Alf Chorley

Personal information
- Full name: Alfred Chorley
- Born: 14 June 1874 Kendal, Westmorland, England
- Died: 14 September 1960 (aged 86) Auckland, New Zealand

Playing information
- Height: 165 cm (5 ft 5 in)
- Weight: 70 kg (11 st 0 lb)
- Position: Fullback
Club
| Years | Team | Pld | T | G | FG | P |
| 1895–98 | Halifax | 71 | 3 | 4 | 1 | 14 |
| 1899–04 | Swinton | 122 | 3 | 5 | 0 | 19 |
| 1909 | Combined Town (AKL RL) | 1 | 0 | 0 | 0 | 0 |
| 1909 | City Rovers | 1 | 0 | 0 | 0 | 0 |
| 1909 | Newton Rangers | 1 | 1 | 0 | 0 | 3 |
| 1910–12 | Ponsonby United | 11 | 1 | 1 | 0 | 5 |
|  | Total | 207 | 8 | 10 | 1 | 41 |
Representative
| Years | Team | Pld | T | G | FG | P |
| 1908–11 | Auckland | 8 | 1 | 0 | 0 | 3 |
| 1910 | New Zealand | 1 | 0 | 0 | 0 | 0 |
- Source:

= Alf Chorley =

New Zealand international rugby league footballer

Alfred Chorley was an English-born rugby league footballer who represented New Zealand.

==Playing career==
Chorley played for Halifax, and Swinton before moving to New Zealand.

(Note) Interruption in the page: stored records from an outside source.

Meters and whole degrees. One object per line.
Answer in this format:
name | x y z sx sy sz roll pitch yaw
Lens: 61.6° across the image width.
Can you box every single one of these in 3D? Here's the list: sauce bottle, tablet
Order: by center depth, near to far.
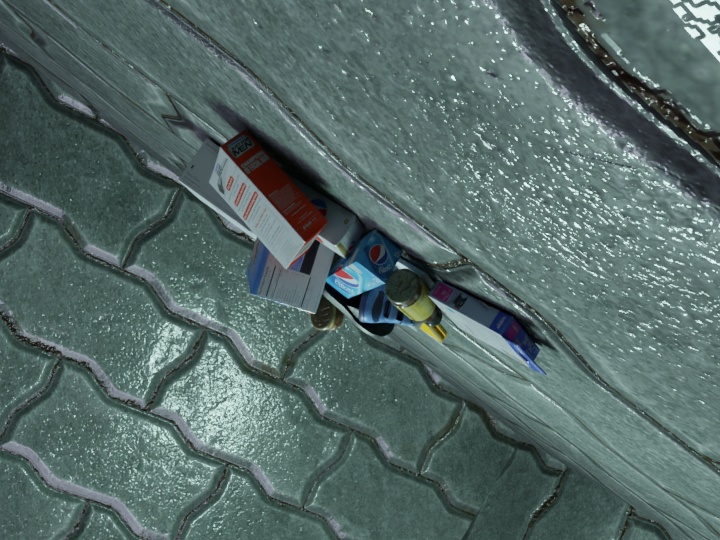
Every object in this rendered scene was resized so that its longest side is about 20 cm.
sauce bottle | 0.100 0.056 1.066 0.064 0.066 0.200 31 175 27
tablet | 0.102 0.018 1.146 0.129 0.014 0.200 33 172 31

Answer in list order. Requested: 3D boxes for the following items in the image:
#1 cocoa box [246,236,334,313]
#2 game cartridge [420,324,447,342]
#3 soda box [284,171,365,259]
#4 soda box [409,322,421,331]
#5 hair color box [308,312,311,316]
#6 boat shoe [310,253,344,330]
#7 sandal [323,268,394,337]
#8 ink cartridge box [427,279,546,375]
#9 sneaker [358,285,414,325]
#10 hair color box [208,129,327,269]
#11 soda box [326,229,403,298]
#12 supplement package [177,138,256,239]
cocoa box | -0.141 -0.018 1.170 0.128 0.137 0.200 17 -174 -15
game cartridge | 0.120 0.099 1.556 0.198 0.033 0.176 35 174 32
soda box | -0.090 -0.104 1.059 0.198 0.064 0.068 33 173 23
soda box | 0.060 0.049 1.336 0.198 0.069 0.064 33 174 20
hair color box | -0.135 0.007 1.406 0.202 0.061 0.101 55 154 2
boat shoe | -0.057 0.024 1.264 0.071 0.206 0.067 3 174 36
sandal | 0.002 0.068 1.195 0.199 0.077 0.047 37 140 -27
ink cartridge box | 0.209 0.090 0.975 0.119 0.042 0.199 42 174 -41
sneaker | 0.066 0.065 1.146 0.081 0.076 0.198 19 -168 31
hair color box | -0.153 -0.114 0.989 0.200 0.064 0.111 47 147 0
soda box | 0.000 -0.007 1.076 0.064 0.069 0.200 35 161 -10
supplement package | -0.270 -0.167 1.330 0.198 0.112 0.156 34 174 8
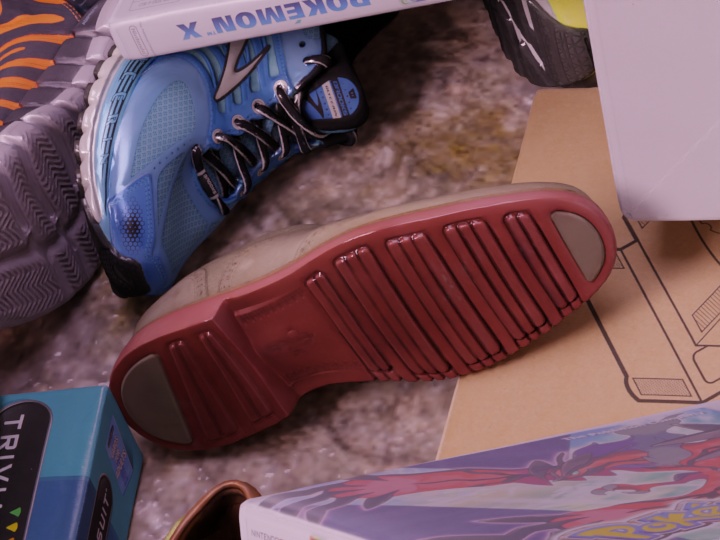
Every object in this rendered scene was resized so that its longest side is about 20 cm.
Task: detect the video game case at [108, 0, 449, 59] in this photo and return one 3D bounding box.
[{"bbox_3d":[0.010,-0.160,1.139,0.181,0.022,0.200,-8,35,23],"label":"video game case"}]

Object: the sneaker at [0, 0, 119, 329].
[{"bbox_3d":[-0.154,-0.047,1.169,0.111,0.078,0.200,0,37,26],"label":"sneaker"}]

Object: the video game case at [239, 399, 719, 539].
[{"bbox_3d":[0.091,0.071,0.849,0.199,0.023,0.182,-10,9,-28],"label":"video game case"}]

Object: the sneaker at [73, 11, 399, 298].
[{"bbox_3d":[-0.045,-0.070,1.141,0.090,0.079,0.200,11,53,24],"label":"sneaker"}]

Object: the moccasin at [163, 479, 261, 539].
[{"bbox_3d":[-0.067,0.158,0.928,0.073,0.078,0.202,10,52,28],"label":"moccasin"}]

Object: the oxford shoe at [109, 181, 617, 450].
[{"bbox_3d":[0.000,0.000,1.045,0.199,0.071,0.075,-17,31,20],"label":"oxford shoe"}]

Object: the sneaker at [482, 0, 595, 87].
[{"bbox_3d":[0.083,-0.155,1.175,0.090,0.078,0.201,-16,44,2],"label":"sneaker"}]

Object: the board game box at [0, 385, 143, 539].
[{"bbox_3d":[-0.189,0.120,1.031,0.199,0.047,0.151,-7,46,15],"label":"board game box"}]

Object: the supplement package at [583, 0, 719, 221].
[{"bbox_3d":[0.195,-0.131,1.032,0.190,0.148,0.200,1,35,20],"label":"supplement package"}]

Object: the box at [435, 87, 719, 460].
[{"bbox_3d":[0.125,0.008,1.042,0.163,0.021,0.201,0,47,19],"label":"box"}]

Chorley was involved with the early years of rugby league in Auckland, playing for Auckland in 1908 and competing for City in the first match sanctioned by the Auckland Rugby League in 1909.

Chorley played a Test match for New Zealand in 1910 against the touring Great Britain Lions. Aged 36 years and 46 days old at the time, Chorley still holds the record as the oldest Kiwi.

==World War I and personal life==
Alfred Chorley married Elizabeth Chorley in Wakefield, England, on 16 September 1897. At the time of his enlistment in the army in World War I, they were living at 72 Khyber Pass Road in Auckland. Chorley stated that his occupation was a "motorman" on his enlistment form. Chorley's war service commenced on 27 June 1916 and he was discharged on 21 January 1919, being judged 'over age to serve any longer'. By this point he would have been 44 and a half years old.